Ask YC: Books/Links on giving better demonstrations. - Hates_

I fudged my through a demonstration this morning and really want to improve the way I do it. I'm not looking for info on presentations so-much but just books on how to give a better run through of software. Are there techniques I can use to do a better job next time a client comes in for a meeting and I'm left holding the ball.
======
mixmax
I think that this is not the kind of thing you learn by reading a book - or
sitting in front of a computer. It's a people thing. People have a knack for
seeing through other people, whether they believe what they are presenting,
like what they do etc.

These are the things I would recommend if you want to do a great
demonstration:

\- Love your product - nothing shines through like enthusiasm. Don't be afraid
to show it either.

\- Talk to people, study their reactions, smile to the waitresses, hook up
with girls (or guys if that's your preference), start conversations with
strangers on the bus. Like in all other walks of life if you practice
interacting with people you will become good at it.

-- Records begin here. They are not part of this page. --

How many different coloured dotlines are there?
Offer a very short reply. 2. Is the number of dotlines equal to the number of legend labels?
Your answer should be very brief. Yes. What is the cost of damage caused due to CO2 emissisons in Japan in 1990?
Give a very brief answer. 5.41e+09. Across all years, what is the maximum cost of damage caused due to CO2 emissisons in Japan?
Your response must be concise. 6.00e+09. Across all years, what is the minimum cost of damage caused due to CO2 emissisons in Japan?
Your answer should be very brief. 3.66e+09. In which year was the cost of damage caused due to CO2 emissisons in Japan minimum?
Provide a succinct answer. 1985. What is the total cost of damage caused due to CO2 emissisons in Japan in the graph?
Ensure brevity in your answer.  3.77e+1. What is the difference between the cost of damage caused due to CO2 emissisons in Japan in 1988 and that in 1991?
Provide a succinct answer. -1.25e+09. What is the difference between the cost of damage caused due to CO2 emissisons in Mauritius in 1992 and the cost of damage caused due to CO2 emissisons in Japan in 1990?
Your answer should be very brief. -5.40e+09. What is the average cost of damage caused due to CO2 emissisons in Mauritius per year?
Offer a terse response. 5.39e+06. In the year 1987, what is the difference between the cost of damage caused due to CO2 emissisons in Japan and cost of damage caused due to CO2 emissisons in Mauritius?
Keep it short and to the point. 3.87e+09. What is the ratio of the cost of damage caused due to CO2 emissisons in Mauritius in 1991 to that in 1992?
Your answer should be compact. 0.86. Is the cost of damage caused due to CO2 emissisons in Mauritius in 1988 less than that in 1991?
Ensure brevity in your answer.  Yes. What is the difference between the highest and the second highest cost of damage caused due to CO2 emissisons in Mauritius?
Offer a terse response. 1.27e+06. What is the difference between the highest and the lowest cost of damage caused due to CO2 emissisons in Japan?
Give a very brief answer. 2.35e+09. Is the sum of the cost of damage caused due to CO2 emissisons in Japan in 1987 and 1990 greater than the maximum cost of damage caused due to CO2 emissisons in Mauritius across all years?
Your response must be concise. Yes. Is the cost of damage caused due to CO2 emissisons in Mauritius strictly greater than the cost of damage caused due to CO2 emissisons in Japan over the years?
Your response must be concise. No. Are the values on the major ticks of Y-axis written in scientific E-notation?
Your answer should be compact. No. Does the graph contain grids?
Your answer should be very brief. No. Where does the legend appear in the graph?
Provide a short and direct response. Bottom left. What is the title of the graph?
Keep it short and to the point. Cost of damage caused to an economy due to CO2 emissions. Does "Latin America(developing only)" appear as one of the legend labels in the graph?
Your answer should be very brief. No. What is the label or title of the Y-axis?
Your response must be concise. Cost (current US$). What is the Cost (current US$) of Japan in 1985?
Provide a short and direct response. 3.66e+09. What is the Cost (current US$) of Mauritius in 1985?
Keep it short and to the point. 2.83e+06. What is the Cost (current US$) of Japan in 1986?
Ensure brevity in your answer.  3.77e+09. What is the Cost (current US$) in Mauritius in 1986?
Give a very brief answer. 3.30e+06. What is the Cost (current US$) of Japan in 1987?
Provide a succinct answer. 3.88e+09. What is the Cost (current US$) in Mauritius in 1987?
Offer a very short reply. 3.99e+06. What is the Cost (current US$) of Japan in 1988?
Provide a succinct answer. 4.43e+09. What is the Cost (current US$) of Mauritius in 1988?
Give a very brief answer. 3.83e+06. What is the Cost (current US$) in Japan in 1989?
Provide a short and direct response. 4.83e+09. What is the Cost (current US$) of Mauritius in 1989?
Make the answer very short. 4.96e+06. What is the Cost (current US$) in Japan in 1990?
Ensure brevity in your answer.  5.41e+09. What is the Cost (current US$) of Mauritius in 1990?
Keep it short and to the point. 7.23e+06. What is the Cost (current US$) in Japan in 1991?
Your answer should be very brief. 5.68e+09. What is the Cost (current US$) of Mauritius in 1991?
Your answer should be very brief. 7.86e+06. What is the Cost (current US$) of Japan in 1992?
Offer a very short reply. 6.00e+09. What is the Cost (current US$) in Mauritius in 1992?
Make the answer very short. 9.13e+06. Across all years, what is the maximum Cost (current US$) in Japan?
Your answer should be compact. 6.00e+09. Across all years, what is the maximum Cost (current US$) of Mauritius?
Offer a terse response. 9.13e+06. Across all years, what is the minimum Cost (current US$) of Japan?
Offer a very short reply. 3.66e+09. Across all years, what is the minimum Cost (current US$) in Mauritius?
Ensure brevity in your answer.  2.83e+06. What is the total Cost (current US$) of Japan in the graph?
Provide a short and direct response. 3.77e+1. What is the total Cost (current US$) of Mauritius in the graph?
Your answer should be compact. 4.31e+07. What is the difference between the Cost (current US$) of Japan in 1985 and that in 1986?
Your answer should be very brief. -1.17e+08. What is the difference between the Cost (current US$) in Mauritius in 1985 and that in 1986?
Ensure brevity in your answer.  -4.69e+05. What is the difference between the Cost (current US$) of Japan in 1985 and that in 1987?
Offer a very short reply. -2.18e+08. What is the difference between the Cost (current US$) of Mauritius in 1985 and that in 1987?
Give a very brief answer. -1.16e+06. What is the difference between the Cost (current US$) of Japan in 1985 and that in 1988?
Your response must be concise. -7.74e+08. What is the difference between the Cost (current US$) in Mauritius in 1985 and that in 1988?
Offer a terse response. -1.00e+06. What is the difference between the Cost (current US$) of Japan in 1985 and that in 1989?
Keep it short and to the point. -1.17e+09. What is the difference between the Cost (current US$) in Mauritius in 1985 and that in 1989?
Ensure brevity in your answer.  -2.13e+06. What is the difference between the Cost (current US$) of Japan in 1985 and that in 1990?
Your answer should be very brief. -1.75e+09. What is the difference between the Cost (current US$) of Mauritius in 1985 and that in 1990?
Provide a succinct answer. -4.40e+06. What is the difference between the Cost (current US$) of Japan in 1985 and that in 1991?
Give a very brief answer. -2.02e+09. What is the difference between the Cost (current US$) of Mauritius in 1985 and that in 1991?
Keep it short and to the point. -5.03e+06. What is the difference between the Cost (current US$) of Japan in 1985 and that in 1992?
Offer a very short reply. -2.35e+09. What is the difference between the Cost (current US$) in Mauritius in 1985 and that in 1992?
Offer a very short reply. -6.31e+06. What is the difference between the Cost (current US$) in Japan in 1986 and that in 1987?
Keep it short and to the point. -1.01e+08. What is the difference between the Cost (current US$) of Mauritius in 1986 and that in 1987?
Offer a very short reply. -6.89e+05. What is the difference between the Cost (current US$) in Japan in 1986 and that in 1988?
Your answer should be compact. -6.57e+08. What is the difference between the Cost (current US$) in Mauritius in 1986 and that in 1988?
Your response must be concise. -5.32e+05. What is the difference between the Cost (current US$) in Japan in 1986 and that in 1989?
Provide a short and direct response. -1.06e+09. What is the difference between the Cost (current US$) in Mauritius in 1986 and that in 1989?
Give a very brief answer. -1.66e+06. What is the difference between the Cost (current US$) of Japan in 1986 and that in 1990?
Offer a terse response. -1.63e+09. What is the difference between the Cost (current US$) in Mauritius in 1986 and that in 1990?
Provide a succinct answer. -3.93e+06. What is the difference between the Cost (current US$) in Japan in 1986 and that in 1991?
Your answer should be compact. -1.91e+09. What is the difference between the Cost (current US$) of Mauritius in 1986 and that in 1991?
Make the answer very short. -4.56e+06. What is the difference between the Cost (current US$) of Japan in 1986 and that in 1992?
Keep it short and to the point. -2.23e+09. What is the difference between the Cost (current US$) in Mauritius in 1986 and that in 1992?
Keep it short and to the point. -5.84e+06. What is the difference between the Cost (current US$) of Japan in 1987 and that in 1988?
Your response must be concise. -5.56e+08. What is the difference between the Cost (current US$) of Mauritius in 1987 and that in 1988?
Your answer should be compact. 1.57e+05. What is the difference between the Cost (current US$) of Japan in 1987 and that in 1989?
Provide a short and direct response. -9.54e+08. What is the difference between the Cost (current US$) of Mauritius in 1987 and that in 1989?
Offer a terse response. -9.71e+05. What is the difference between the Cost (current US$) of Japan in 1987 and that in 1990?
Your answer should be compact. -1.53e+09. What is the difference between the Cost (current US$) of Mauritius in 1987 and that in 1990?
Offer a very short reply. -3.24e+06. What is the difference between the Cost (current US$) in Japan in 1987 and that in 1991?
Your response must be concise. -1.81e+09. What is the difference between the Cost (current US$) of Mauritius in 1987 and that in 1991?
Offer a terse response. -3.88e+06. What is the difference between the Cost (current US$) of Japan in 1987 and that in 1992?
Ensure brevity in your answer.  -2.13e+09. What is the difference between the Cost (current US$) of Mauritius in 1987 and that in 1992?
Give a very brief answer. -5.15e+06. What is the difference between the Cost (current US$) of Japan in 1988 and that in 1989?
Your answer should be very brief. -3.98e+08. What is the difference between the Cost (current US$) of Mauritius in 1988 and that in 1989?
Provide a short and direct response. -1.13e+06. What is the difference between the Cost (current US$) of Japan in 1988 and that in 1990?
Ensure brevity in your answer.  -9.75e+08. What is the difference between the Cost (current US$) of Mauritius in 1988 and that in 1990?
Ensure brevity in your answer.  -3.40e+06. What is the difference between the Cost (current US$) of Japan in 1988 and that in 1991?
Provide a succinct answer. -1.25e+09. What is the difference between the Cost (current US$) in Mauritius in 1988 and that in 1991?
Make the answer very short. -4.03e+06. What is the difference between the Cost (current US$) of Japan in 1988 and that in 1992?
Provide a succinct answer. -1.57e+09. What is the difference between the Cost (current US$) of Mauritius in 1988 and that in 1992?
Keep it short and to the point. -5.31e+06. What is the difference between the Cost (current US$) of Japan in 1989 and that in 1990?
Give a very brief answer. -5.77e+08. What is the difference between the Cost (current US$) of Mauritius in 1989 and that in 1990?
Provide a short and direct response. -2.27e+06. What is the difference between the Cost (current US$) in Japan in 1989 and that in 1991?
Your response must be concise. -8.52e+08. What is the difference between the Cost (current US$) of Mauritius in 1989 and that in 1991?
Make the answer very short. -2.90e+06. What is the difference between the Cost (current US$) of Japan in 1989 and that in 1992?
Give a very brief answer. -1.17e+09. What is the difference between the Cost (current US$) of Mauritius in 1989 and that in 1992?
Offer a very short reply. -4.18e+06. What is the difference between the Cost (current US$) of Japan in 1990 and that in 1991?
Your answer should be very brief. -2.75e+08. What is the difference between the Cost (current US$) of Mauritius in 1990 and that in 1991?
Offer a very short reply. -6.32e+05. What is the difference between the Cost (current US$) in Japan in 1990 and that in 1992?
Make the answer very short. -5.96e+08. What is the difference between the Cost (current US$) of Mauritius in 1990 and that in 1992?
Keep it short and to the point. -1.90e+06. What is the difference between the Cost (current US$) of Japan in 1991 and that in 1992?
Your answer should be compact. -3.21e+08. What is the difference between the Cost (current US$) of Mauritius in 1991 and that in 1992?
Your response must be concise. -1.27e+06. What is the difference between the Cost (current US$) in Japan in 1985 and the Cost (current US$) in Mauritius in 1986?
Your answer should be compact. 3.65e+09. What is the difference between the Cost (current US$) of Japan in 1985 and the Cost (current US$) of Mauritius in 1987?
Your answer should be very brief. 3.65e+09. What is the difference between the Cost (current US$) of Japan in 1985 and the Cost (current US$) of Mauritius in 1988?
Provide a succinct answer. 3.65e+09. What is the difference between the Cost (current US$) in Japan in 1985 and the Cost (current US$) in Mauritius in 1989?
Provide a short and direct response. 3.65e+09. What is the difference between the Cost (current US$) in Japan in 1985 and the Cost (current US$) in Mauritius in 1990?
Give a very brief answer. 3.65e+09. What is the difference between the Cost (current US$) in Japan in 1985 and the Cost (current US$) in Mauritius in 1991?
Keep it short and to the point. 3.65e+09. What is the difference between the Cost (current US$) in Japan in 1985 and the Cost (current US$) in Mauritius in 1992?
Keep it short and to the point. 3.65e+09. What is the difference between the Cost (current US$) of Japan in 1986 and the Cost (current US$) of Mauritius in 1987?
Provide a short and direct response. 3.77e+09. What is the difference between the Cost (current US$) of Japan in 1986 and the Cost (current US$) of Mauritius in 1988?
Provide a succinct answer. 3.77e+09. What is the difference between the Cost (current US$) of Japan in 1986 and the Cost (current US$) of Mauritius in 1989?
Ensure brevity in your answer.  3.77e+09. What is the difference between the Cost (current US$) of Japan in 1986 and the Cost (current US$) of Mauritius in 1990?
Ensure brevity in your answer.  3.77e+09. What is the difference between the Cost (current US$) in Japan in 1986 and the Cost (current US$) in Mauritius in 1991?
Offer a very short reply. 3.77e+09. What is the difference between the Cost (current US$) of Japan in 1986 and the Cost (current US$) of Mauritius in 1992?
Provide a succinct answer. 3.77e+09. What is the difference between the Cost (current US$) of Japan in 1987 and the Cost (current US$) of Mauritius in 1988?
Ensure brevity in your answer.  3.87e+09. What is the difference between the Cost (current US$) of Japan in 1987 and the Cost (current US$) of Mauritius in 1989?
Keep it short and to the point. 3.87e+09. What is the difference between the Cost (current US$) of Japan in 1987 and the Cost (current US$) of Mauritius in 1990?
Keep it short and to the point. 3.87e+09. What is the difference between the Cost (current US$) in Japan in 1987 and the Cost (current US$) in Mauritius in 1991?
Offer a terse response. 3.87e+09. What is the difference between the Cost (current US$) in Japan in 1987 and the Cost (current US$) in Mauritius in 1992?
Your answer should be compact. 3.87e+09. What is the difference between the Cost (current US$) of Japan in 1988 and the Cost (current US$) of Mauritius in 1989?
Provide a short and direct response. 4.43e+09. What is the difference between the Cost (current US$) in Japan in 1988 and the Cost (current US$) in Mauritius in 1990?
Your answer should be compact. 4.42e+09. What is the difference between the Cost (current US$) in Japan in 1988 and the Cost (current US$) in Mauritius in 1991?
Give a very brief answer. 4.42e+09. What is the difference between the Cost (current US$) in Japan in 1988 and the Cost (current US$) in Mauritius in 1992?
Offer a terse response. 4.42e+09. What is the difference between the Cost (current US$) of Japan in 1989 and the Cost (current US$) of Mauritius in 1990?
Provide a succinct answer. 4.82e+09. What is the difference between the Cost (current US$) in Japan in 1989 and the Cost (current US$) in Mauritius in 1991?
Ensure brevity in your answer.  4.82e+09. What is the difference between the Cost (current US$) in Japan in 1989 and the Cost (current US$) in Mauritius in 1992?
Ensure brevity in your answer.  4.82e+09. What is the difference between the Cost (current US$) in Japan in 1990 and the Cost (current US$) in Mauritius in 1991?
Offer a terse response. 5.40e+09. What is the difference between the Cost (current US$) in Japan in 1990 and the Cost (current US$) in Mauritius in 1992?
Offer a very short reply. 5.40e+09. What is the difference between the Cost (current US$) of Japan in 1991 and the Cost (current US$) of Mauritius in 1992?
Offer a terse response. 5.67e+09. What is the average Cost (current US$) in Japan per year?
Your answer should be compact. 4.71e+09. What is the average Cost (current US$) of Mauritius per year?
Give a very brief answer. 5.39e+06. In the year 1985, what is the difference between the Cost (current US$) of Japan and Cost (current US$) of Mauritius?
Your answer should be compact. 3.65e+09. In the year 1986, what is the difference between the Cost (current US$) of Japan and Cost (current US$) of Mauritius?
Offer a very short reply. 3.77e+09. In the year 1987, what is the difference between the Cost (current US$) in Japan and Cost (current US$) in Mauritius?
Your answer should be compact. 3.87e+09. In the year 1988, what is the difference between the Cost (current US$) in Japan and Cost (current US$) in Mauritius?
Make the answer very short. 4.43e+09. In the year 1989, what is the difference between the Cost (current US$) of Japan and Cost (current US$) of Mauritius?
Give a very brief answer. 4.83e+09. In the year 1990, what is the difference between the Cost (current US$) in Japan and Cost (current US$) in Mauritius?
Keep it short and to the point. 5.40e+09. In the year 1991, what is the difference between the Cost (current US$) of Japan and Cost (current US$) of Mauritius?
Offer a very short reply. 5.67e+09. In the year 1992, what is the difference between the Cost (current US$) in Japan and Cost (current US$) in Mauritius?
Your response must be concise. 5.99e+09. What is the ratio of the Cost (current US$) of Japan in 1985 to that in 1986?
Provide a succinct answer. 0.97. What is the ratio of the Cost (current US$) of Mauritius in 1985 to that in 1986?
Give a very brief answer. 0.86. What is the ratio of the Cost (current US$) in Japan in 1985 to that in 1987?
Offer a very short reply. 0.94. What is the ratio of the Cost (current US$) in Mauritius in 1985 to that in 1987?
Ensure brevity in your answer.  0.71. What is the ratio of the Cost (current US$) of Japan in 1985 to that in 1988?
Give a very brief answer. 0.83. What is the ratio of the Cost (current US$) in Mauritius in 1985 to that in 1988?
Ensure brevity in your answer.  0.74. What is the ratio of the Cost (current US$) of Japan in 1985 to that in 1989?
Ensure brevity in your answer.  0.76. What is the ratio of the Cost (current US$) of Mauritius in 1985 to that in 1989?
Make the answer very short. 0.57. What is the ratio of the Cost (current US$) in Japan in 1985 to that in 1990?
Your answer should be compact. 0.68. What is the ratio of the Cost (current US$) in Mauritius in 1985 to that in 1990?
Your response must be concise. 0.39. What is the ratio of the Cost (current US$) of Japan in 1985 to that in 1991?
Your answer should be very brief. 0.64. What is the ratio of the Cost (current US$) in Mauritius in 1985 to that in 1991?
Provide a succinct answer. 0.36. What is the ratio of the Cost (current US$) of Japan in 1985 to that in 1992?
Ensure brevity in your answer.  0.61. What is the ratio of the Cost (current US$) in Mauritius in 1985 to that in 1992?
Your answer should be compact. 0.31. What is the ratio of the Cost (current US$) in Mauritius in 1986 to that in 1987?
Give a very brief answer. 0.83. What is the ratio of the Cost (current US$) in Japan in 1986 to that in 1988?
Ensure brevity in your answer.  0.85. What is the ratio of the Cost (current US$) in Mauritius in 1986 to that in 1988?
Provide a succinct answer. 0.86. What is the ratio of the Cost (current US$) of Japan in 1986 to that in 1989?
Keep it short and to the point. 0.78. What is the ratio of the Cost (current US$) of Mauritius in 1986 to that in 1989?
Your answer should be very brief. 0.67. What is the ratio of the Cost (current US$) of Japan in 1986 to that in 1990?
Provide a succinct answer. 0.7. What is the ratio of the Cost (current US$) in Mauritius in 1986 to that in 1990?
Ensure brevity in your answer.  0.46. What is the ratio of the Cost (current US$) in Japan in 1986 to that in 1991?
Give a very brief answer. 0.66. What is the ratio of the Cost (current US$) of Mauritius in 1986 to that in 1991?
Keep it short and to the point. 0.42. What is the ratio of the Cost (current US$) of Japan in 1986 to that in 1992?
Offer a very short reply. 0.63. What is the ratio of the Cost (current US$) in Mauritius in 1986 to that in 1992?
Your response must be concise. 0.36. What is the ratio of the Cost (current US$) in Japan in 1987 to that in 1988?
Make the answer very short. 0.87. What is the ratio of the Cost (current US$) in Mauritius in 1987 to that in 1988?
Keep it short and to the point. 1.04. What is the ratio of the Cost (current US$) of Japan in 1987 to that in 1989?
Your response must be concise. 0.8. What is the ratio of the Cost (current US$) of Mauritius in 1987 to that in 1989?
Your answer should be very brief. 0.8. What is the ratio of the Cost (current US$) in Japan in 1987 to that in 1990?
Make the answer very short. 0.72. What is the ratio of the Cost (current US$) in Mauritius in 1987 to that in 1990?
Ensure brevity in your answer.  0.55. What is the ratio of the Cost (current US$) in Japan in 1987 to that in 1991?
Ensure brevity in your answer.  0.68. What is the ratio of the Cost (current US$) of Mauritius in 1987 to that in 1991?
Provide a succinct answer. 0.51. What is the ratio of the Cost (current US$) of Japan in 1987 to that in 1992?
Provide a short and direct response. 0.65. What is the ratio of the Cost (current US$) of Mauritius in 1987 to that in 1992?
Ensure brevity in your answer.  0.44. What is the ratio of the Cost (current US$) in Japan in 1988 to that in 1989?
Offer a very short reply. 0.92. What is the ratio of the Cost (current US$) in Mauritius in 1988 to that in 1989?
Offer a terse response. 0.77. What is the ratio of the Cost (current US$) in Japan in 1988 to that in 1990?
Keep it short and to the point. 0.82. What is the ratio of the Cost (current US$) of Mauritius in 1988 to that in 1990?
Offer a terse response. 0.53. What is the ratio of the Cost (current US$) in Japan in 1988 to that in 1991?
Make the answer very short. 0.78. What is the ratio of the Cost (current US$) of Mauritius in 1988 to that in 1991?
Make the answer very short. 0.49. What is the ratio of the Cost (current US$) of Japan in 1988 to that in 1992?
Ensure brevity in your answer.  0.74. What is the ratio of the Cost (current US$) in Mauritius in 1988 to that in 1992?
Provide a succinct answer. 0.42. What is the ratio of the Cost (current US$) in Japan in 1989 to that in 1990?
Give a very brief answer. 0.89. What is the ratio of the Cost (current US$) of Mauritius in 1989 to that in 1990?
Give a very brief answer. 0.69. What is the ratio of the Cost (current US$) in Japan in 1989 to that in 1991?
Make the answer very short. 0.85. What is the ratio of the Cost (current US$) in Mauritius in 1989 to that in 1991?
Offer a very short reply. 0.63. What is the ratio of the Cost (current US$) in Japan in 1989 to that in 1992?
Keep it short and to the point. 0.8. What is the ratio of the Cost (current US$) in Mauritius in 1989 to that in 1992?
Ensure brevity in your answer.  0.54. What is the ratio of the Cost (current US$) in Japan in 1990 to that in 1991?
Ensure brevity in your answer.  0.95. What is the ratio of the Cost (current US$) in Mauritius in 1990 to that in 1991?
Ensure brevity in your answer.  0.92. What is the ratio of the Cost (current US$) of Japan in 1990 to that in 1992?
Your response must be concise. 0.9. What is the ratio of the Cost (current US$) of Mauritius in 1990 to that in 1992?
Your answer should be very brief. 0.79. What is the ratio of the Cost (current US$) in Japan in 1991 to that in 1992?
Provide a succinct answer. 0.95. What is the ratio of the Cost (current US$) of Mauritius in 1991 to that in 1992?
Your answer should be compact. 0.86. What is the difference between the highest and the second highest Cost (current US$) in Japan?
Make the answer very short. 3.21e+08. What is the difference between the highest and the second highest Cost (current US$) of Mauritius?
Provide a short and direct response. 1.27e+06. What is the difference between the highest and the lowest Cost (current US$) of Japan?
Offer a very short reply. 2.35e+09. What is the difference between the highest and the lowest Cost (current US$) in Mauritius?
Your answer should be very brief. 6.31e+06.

\- Study great speakers when they do their thing - Start by looking at some of
Steve Jobs keynotes. The guy is amazing. Bill Clinton and Barack Obama are
great at it too.

\- Be prepared - Do your presentation until your girlfriend starts complaining
that you talk in your sleep and she has heard more about you product while you
sleep than she has heard about her other girlfriends sexlife. And that's a
lot... Steve Jobs recites until everything is absolutely pixel perfect, and
every eventuality is covered - and it shows. On their keynotes I heard that
they have three independent AV systems. Just in case two of them break down.

\- Read Dale carnegies "how to win friends and influence people - it's much
better than all the modern crap. It's from the 1930's if my memory serves me
correctly.

Good luck :-)

------
johnm
(A) Presentation Zen both the book (that came out recently) and the blog:
<http://www.presentationzen.com/> and Beyond Bullet Points,
<http://beyondbulletpoints.com/> the book and online seminars.

Yes, both of them are primarily focused on "static" presentations, however the
focus on the telling a good story through your demonstration is the point. In
presenting Krugle at DEMO06 (and winning a DEMOGod award, woohoo!), the
biggest failing we saw in many of the other presentations was the fact that
the "story" was a confusing, convoluted mess.

(B) Spend a lot more time building and practicing your
presentations/demonstrations than you think. Video yourself is great if you
can do it but just standing up and actually running through the entire
presentation/demo repeatedly goes a long ways.

(C) For online/web demos, I always build a completely usable, static
presentation (in Keynote/PowerPoint) using lots of e.g., diagrams and
screenshots so that the presentation still works for the audience even if the
network/server is down/slow.

(D) Have a personality -- and bend it towards your audience. I.e., a
presentation needs to be engaging/interesting to the audience. I.e., think at
least as much about entertaining (in the best possible way) as you do about
being e.g., informative.

(E) Have fun!

Hope this helps, John

------
dkokelley
I don't know exactly what your background/experience is, but experience in
sales will give you good, everyday practice interacting with other people and
demonstrating on the fly.

Like mixmax said, watch for Steve Jobs' presentations. He has a strange
personality but his stage presence is outstanding.

How to win friend and influence people (Dale Carnegie) is also really good.

I would avoid most of the current "sales/presentation" self-help books out
there. Most of them are not worth the paper they're printed on.

One last thought, try and find a mentor or a coach and/or join a speaking
club. Toastmasters (<http://www.toastmasters.org/>) and the National Speakers
Association (<http://www.nsaspeaker.org/>) are good, but they may be overkill
if you don't do demonstrations regularly or to larger audiences.

------
wallflower
There are many things I can list. But I'll provide just one - get a
tripod/camera and videotape yourself presenting.

"Speaking Secrets of the Masters: The Personal Techniques Used by 22 of the
World's Top Professional Speakers" is the best book I have ever come across on
speaking as an art/science because it has many different insights.

------
sanj
1\. <http://presentationzen.blogs.com/>

2\. Practice, practice, practice.

------
edw519
Run, don't walk to:

<http://www.toastmasters.org/>

Listen to mixmax - all the books/info in the world are absolutely no
substitute for practice. Find the smallest toastmasters chapter close to you
(so you get more chances to present), join, and go every week, no matter what.
In 6 months you'll wonder why you ever had to post this here.

I always used my Toastmasters group to practice my sales presentations. It
forced me to be ready by a deadline, and the people there provided excellent
feedback. It gave me a chance to try new things, and best of all, it never
cost me a sale.

(Oops, just noticed that dkokelley suggested the same thing. See?)